Vamos a um exemplo, numa história em que você apresenta um personagem: Ela, alta e esguia vinha se aproximando sexy, vestido justo e num rebolado em câmera lenta, CUJO… Béééééé, dim dom, uóóóóóóóó! Soou a campainha, o gongo e a sirene. Cujo? Pronto! Basta para que o leitor broche. “Cujo” está definitivamente riscado do mapa, palavra feia, nevermore.

“Cujo” não é a única palavra a ser evitada. Tenho um amigo que se chama Algo Felix da Silveira. Ele é um sujeito grande, fortão e atrapalhado, sujeito que poderia muito bem ser aproveitado para minhas histórias, mas ALGO é também uma palavra vaga, não um nome próprio, claro. Tenho medo de usá-lo no meio do texto e ao ler alguém confundir o nome do meu amigo com o advérbio proibido. A palavra “algo” é difícil de ser empregada porque comumente usamos para “tapar um buraco”, como se faltasse o vocabulário para expressar o que queremos. Exemplo: estava pensando em preparar ALGO para os convidados esta noite. O “algo” pode ser um frango, um jogo de cartas ou um drinque especial, mas ele fica lá empatando o frango que não foi nem assado nem cozido.
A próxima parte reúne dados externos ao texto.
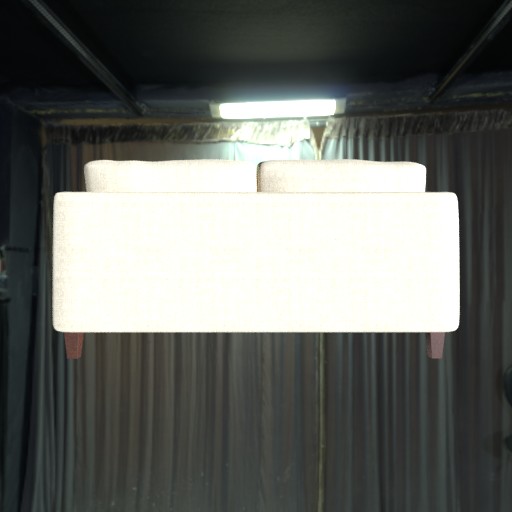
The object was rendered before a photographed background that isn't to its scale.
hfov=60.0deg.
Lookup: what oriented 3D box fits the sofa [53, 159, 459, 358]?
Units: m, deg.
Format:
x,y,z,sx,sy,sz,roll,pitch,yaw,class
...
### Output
x,y,z,sx,sy,sz,roll,pitch,yaw,class
0.000,0.000,2.481,1.884,0.963,0.950,0,-1,0,sofa
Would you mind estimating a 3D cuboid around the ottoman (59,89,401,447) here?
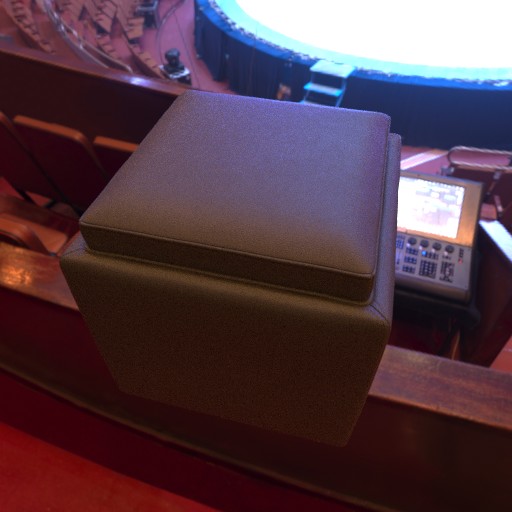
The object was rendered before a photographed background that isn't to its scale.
[{"bbox_3d":[0.000,0.000,0.805,0.450,0.460,0.451,10,47,10],"label":"ottoman"}]
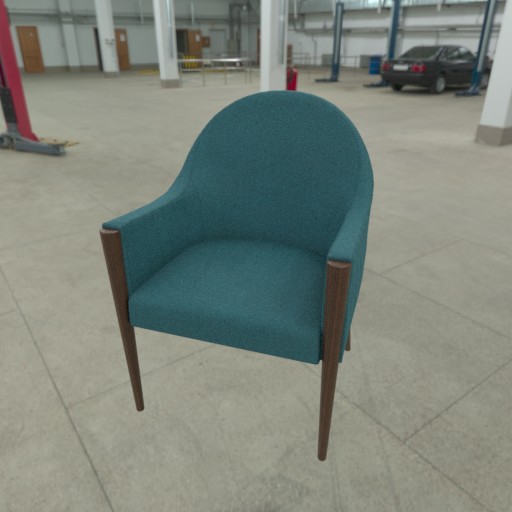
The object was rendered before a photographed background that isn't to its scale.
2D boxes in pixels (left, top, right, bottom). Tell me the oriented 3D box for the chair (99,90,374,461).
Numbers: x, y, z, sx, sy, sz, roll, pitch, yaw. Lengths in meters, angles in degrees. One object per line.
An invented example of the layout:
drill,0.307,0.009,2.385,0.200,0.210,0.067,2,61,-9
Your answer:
chair,0.000,0.000,1.368,0.656,0.907,0.652,8,27,17
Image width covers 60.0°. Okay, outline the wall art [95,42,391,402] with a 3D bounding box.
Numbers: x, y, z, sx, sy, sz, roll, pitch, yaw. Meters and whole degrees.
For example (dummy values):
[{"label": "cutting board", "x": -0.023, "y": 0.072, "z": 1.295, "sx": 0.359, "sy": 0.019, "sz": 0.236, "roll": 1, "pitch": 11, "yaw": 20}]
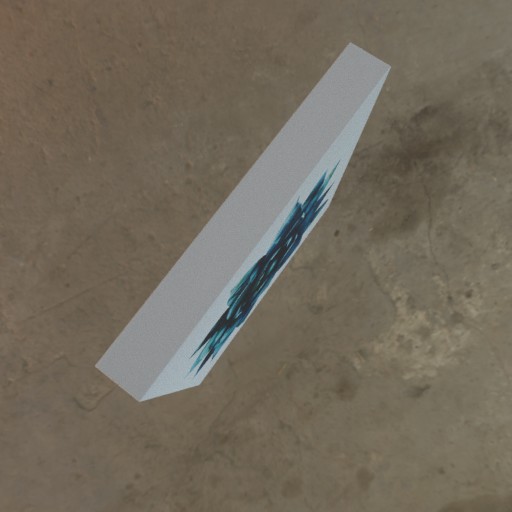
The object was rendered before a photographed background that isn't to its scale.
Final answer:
[{"label": "wall art", "x": 0.000, "y": 0.000, "z": 0.462, "sx": 0.038, "sy": 0.305, "sz": 0.305, "roll": 35, "pitch": 78, "yaw": 8}]
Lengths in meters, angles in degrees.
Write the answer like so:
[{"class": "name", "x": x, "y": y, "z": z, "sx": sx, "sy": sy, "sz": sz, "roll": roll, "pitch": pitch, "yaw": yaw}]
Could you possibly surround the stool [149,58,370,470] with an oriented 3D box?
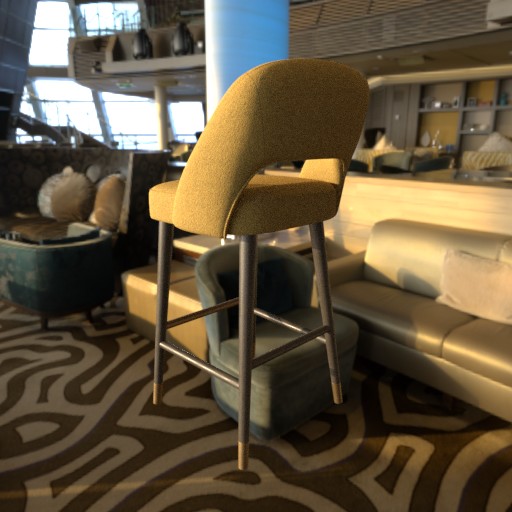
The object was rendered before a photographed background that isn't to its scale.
[{"class": "stool", "x": 0.000, "y": 0.000, "z": 1.326, "sx": 0.536, "sy": 1.032, "sz": 0.522, "roll": -14, "pitch": 21, "yaw": -42}]
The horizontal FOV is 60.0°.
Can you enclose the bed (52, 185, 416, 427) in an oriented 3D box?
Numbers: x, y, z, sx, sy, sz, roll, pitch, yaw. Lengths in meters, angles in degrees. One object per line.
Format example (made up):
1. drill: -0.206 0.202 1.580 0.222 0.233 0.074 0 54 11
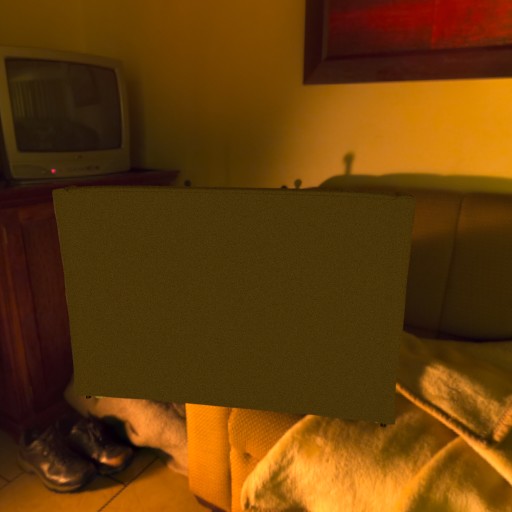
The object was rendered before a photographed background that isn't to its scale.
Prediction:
1. bed: 0.000 0.000 3.500 1.925 1.332 2.276 2 16 9

Mais um exemplo de uma expressão que pode ser eliminada sem culpa: de repente. Não tem nada de errado com ela, mas é “uó”! Veja como fica: apreciava as peças no museu quando, de repente… Como disse não tem nada de errado, mas é um lugar comum, a forma mais batida de dizer que a normalidade vai sofrer uma reviravolta. Cai no mesmo balaio de “caixinha de surpresas”, poupe-me. Não carece. Não apetece. Sem comentários. Parta para outra.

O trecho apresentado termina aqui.